Ben Roberts brings the third in the series of Pitching It Up: a guide to the Sri Lankan stadiums for the ongoing Australian tour as both sides compete in the third.
Peter Siddle is as lionhearted competitor as you are likely to meet in the game of cricket. It is unlikely that a thought toward another test as the drinks carrier really could really inspire a player like Siddle, but the surface at the SSC could potentially drive him to rue his probably replacement of Ryan Harris in the team.
The surfaces in the first two tests were incredibly lively compared with the reputation preceding the grounds. Of course the first test match’s pitch was later deemed below standard by the ICC. The pitch at the SSC is renowned as being overtly favourable to the batsman. Flat, hard and dry, with the only threat it dusting up later in the test. By which time both sides may have batted the game out of reach for each other.
The last test at the ground was Sri Lanka against the Indians in July 2010 where Sri Lanka began by running up a total of 642 for 4 declared (three centurions, one a double, and two half centurions) before India, needing to win the test to level the series, replied with 707 (two centurions, and three half centurions) all out on the fourth day. Little time remained on such a wicket to force a result, and clearly neither side appeared that interested in one either.

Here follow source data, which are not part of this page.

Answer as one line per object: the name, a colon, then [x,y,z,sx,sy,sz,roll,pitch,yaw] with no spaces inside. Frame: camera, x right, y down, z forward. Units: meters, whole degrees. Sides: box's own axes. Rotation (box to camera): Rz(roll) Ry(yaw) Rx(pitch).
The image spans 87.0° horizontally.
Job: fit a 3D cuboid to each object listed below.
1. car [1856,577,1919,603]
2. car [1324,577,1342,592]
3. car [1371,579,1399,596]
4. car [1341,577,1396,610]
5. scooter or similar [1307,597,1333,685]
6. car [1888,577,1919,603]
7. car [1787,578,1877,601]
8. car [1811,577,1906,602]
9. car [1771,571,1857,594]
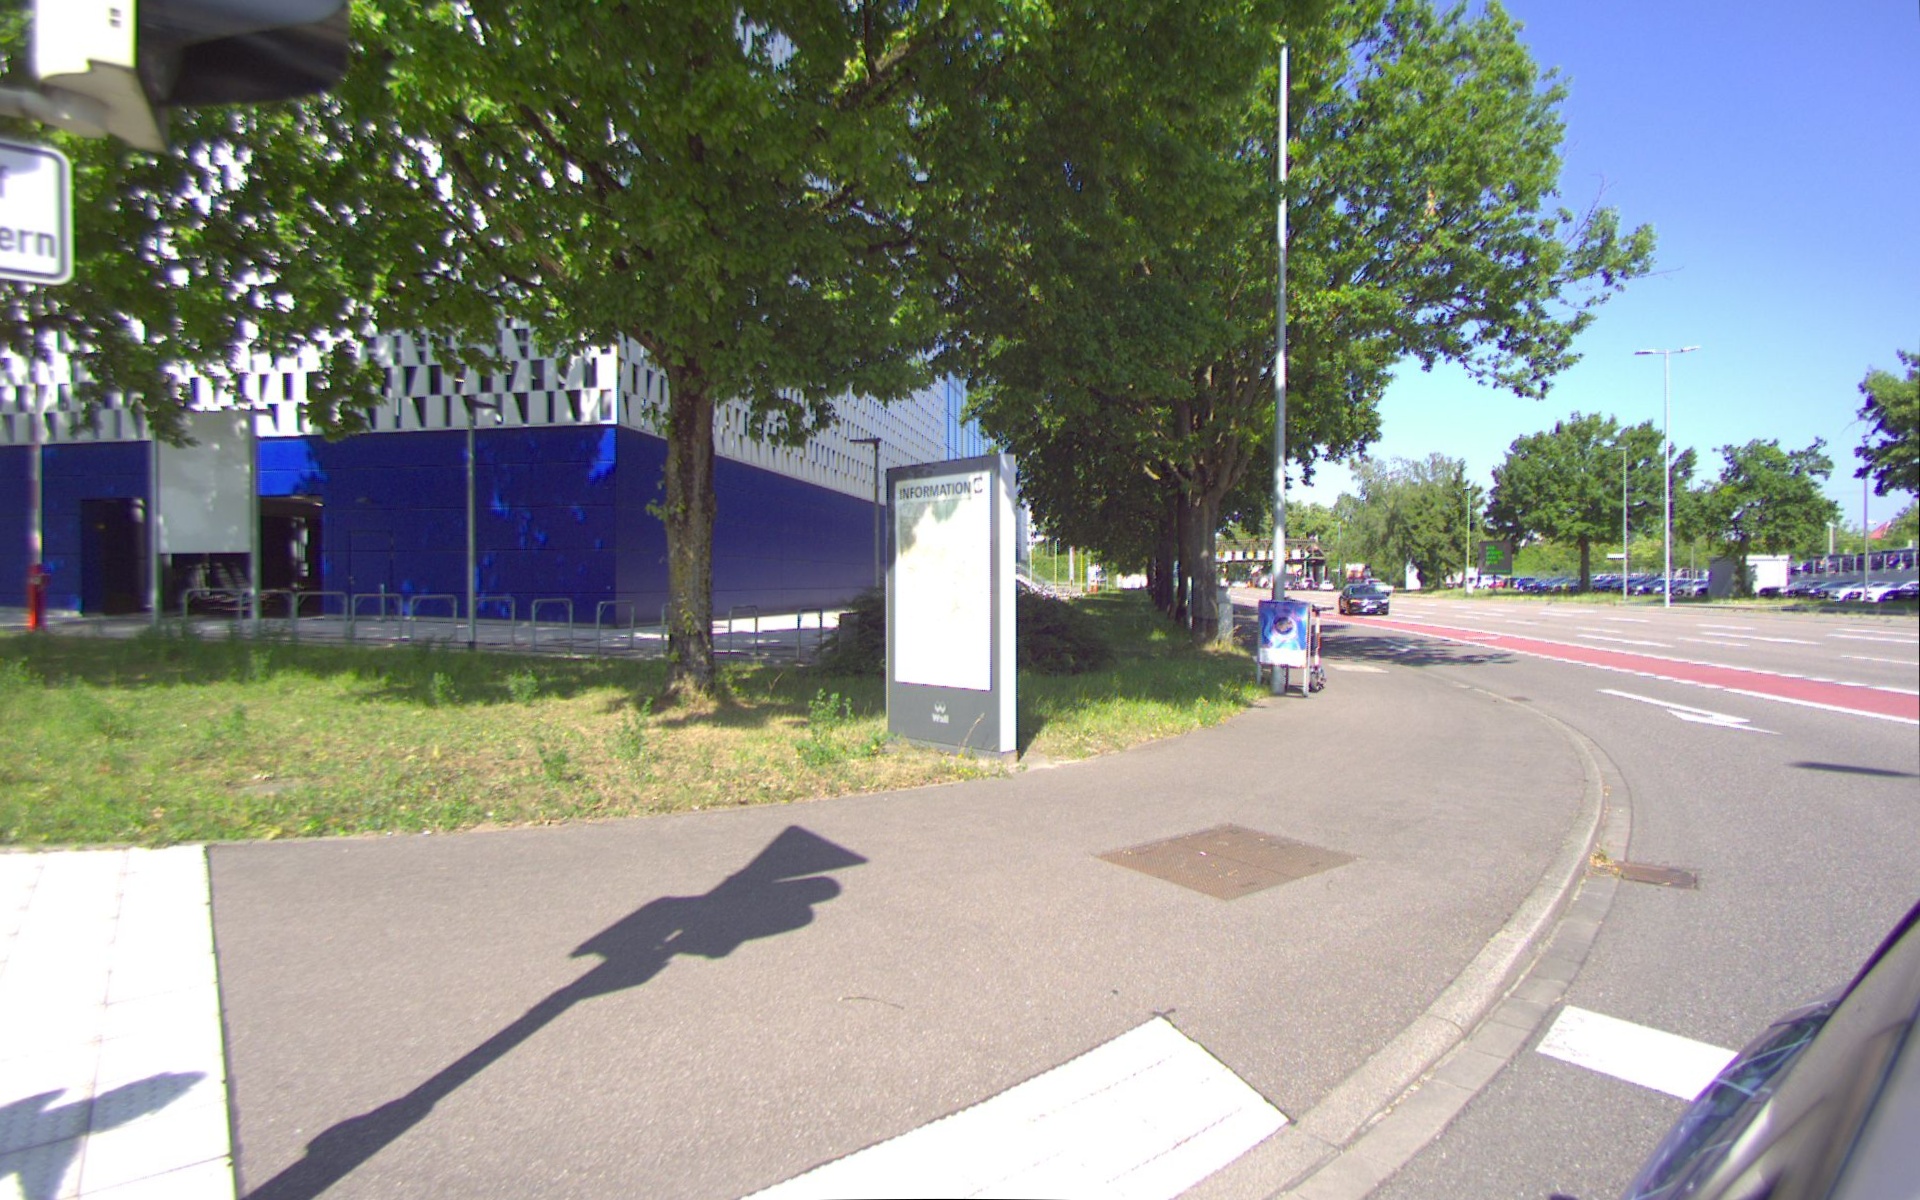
car: [47.513,-0.514,50.796,3.370,1.265,1.587,1,1,17]
car: [52.714,-2.229,143.238,1.971,2.039,3.982,-1,1,14]
car: [44.550,-1.334,106.103,2.139,1.696,4.491,-1,1,16]
car: [19.460,-0.339,48.345,1.745,1.483,4.223,-1,1,13]
scooter or similar: [5.248,0.573,14.721,0.252,1.196,1.379,1,1,24]
car: [46.888,-0.479,48.342,3.370,1.265,1.587,1,1,17]
car: [48.342,-0.590,56.158,3.370,1.265,1.587,1,1,17]
car: [47.705,-0.558,53.818,3.370,1.265,1.587,1,1,17]
car: [48.851,-0.994,57.964,3.370,1.265,1.587,1,1,17]
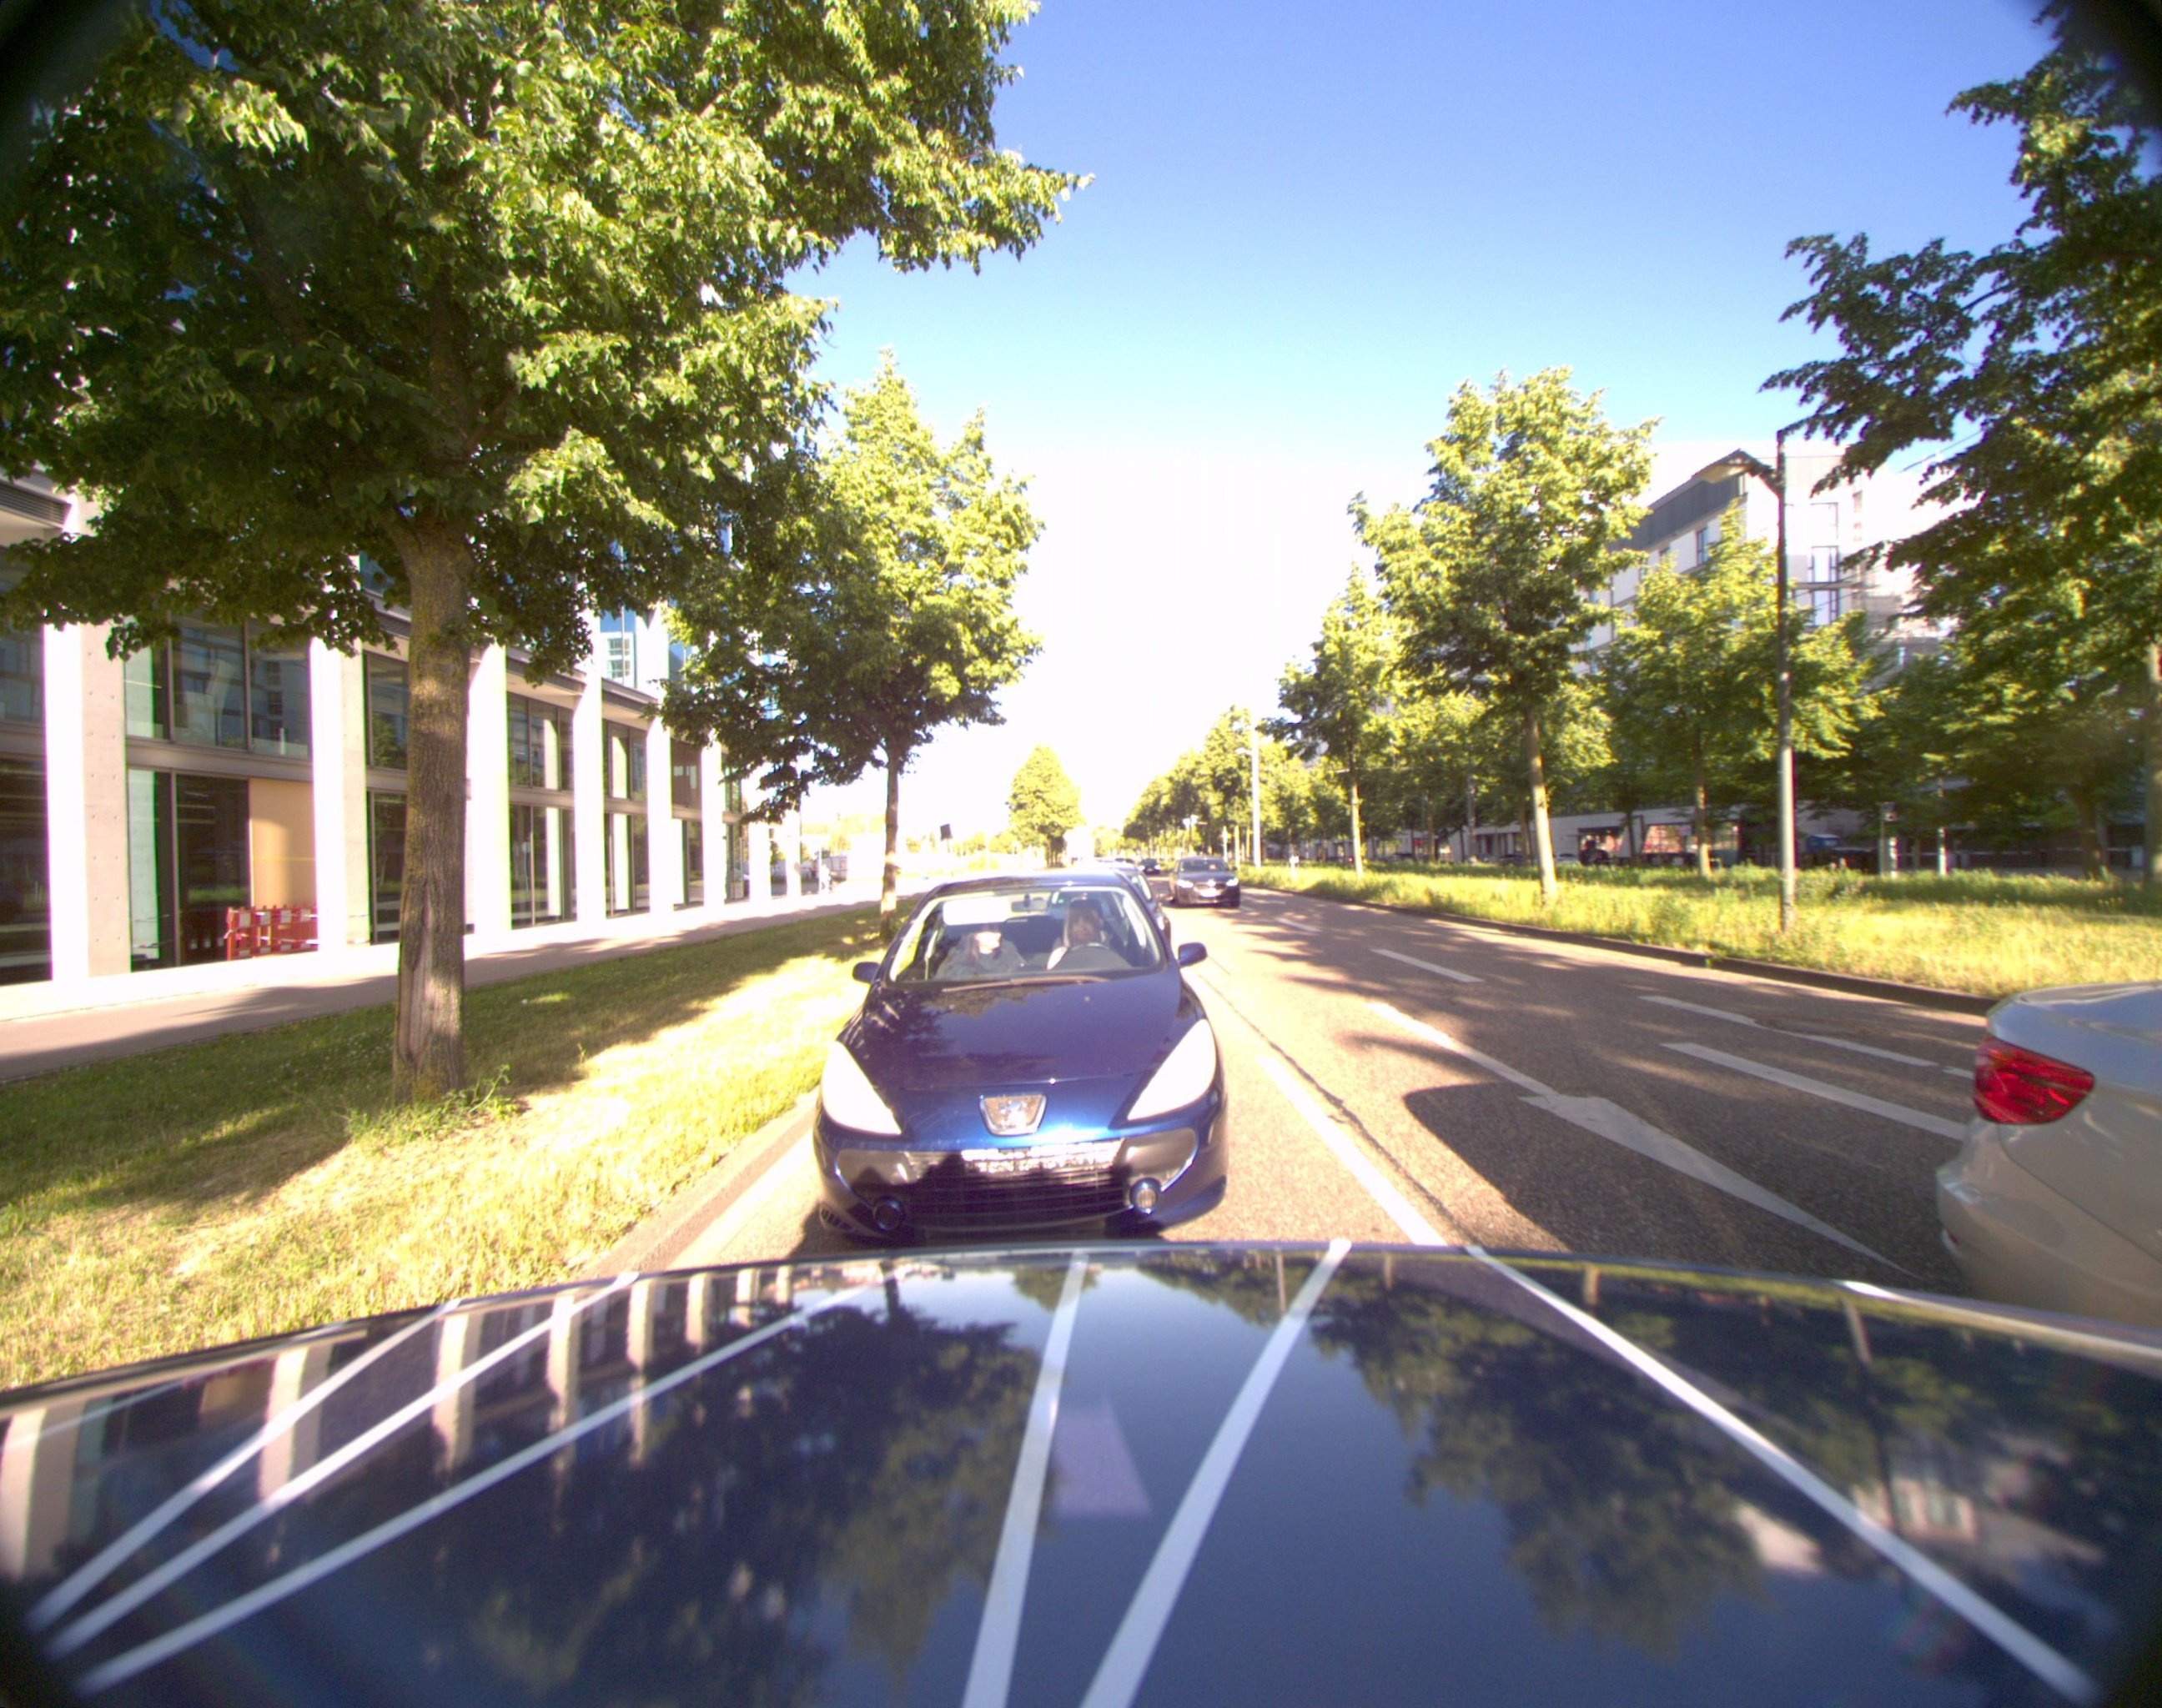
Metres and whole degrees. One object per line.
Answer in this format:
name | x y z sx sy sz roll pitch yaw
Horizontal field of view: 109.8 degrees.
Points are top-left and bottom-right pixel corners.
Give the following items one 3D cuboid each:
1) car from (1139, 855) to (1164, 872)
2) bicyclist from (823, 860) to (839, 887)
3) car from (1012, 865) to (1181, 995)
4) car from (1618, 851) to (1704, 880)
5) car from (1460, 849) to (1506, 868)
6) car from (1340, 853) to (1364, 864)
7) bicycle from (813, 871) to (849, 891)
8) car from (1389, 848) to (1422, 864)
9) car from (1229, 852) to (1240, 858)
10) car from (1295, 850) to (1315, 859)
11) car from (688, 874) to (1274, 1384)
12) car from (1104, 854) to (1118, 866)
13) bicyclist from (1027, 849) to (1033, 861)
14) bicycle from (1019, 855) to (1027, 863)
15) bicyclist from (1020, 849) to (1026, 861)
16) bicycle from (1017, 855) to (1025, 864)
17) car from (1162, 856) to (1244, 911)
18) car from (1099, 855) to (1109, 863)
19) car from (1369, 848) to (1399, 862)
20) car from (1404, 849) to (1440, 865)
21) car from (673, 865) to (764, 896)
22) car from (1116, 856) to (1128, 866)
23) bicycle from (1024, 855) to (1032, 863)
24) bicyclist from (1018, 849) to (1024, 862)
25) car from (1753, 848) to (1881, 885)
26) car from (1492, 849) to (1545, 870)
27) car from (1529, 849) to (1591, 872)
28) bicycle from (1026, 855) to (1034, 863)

The Australians played in a high scoring affair against Sri Lanka in 2004. Both teams recorded just over 400 all out on the first innings before Australians ran up 375 in the second innings. On top of their game at the time the fast scoring rate of the tourists left them with over a day to bowl at the hosts, which they duly did to great success. The combination Shane Warne and a brittle temperament that haunted Sri Lankan batsman too often saw the Australians win.
The ground is the headquarters for the Sri Lankan national cricket authorities, therefore one down in the series and with those in power looking on you would like to think the Sri Lankans will push for a result. Whichever team wins the toss will bat first and stand the better chance of setting the match up for a win. All bowlers will need to be patient, and captains wise in their use. With an aggressive player like Siddle, Michael Clarke will need to be aware the moment his frustration results in even slightly poorer bowling.
Writers note to Phil Hughes. This may be the best chance you get to shut all of us up who are fast losing patience with your inability to do the job at the top of the order, particularly as we know one S Katich would thrive in these conditions. Do not waste it.